Film Review
Whilst it leans a little too self-consciously towards
The Thin Man series of films made
in Hollywood in the 1930s and 40s,
Le
Dernier des six does have its own distinctive Gallic identity
and helped to establish what would rapidly become one of the most
popular and enduring genres in French cinema, the 'polar' or mystery
thriller.
The film was based on the pulp crime novel
Six hommes morts by the Belgian
writer Stanislas-André Steeman, one of a series of works
featuring the ever-resourceful detective Monsieur Wens. The
whodunit plot
is clearly pilfered from Agatha Christie's oft plagiarised
Ten Little Indians, which would be
adapted for cinema a few years later as
And Then There Were None (1945)
by French filmmaker René Clair during his stay in
Hollywood.
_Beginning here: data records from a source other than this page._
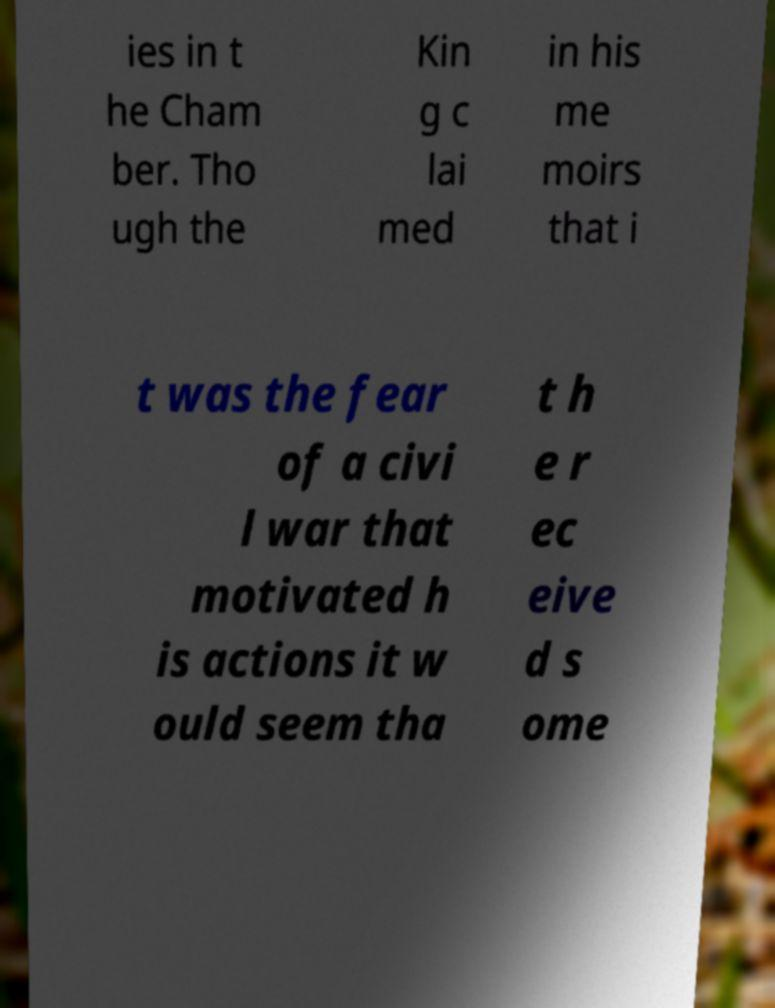Can you read and provide the text displayed in the image?This photo seems to have some interesting text. Can you extract and type it out for me? ies in t he Cham ber. Tho ugh the Kin g c lai med in his me moirs that i t was the fear of a civi l war that motivated h is actions it w ould seem tha t h e r ec eive d s ome 
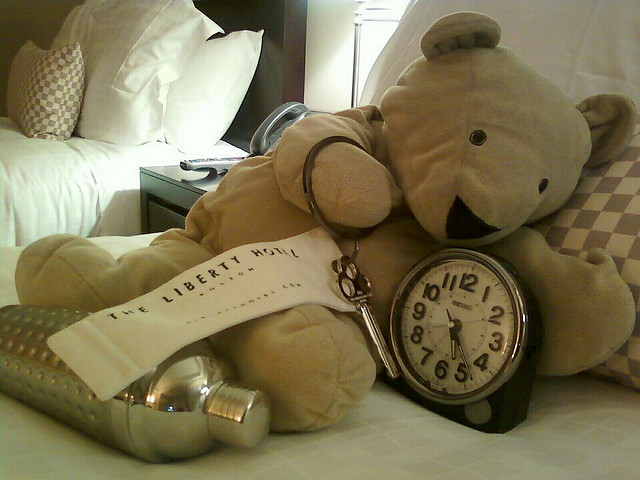Please identify all text content in this image. T H E LIBERTY HOTEL 11 10 9 8 7 6 5 4 3 2 1 12 
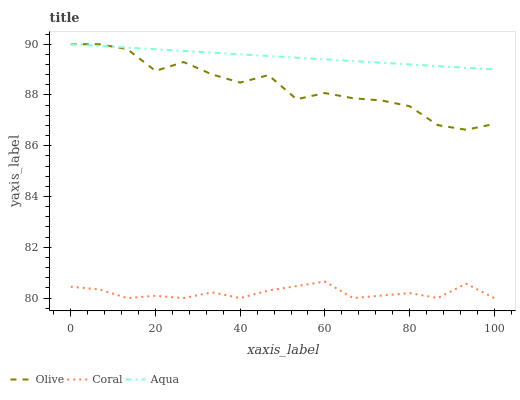Does Coral have the minimum area under the curve?
Answer yes or no. Yes. Does Aqua have the maximum area under the curve?
Answer yes or no. Yes. Does Aqua have the minimum area under the curve?
Answer yes or no. No. Does Coral have the maximum area under the curve?
Answer yes or no. No. Is Aqua the smoothest?
Answer yes or no. Yes. Is Olive the roughest?
Answer yes or no. Yes. Is Coral the smoothest?
Answer yes or no. No. Is Coral the roughest?
Answer yes or no. No. Does Aqua have the lowest value?
Answer yes or no. No. Does Aqua have the highest value?
Answer yes or no. Yes. Does Coral have the highest value?
Answer yes or no. No. Is Coral less than Aqua?
Answer yes or no. Yes. Is Olive greater than Coral?
Answer yes or no. Yes. Does Aqua intersect Olive?
Answer yes or no. Yes. Is Aqua less than Olive?
Answer yes or no. No. Is Aqua greater than Olive?
Answer yes or no. No. Does Coral intersect Aqua?
Answer yes or no. No. 
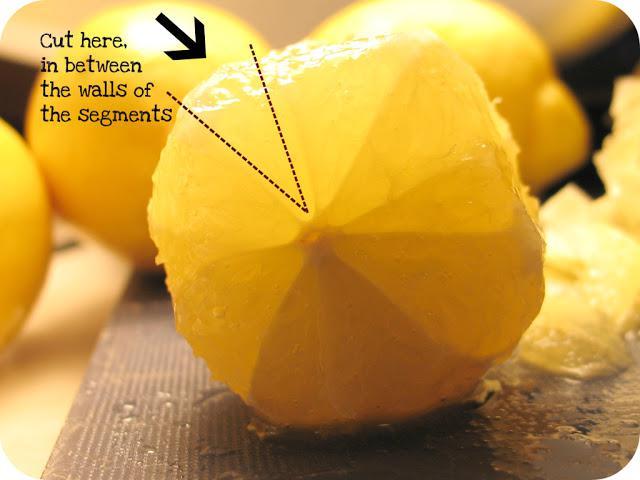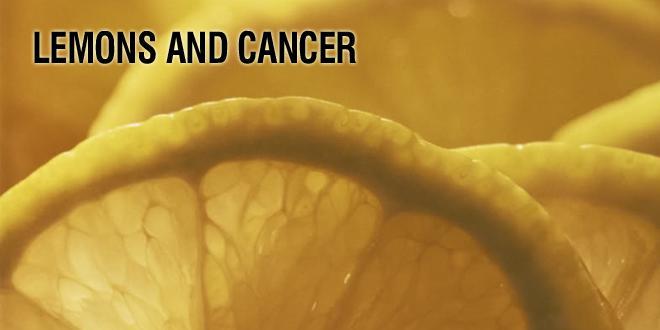The first image is the image on the left, the second image is the image on the right. For the images displayed, is the sentence "There are only whole lemons in one of the images." factually correct? Answer yes or no. No. The first image is the image on the left, the second image is the image on the right. Evaluate the accuracy of this statement regarding the images: "The combined images include cut and whole lemons and a clear glass containing citrus juice.". Is it true? Answer yes or no. No.

For Continental-Films, the German-run company that
produced the film,
Le Dernier des six
was a prestige production which fulfilled perfectly the company's
raison d'être, to provide harmless escapist entertainment for a
mainstream French audience and take the nation's mind off the small
matter of Nazi occupation.
Georges Lacombe may have been credited as the film's director, but you
can't help feeling that a large measure of the creative input came from
its writer, Henri-Georges Clouzot, who would make his directorial debut
with the film's sequel,
L'Assassin habite au 21
(1942). The stylistic similarity between the two films is
striking and leads one to conjecture that Clouzot may have exerted much
greater artistic control than he is credited with (the film is
certainly far more imaginatively directed than Lacombe's earlier
work).
As Clouzot began his career in pre-Nazi Germany, working on French adaptations of
popular German films, it is hardly surprising that he should be heavily
influenced by German expressionism, and this is apparent in both
Le Dernier des six and its equally
stylish follow-up, most noticeably in the stark lighting and bold use
of shadows, which contribute much to the atmosphere and tension of
these two enjoyable
films.
Another striking expressionistic touch is the elaborate music hall
dance sequence which includes not only a respectful homage to Busby
Berkeley's famously flamboyant choreography (seen in such films as
42nd
Street and
Gold Diggers of 1933) but also
a shot of a girl in a glass that appears to be a sly nod to Hitchcock's
Champagne
(1928). The latter assumes greater significance when we recall
that Clouzot is now widely regarded as France's answer to Alfred
Hitchcock, through his classic suspense thrillers
Le Salaire de la peur (1953) and
Les
Diaboliques (1955). (It is worth noting
en passant that, like Clouzot,
Hitchcock undertook his apprenticeship in the leading German film
studios and was very much influenced by German expressionism.)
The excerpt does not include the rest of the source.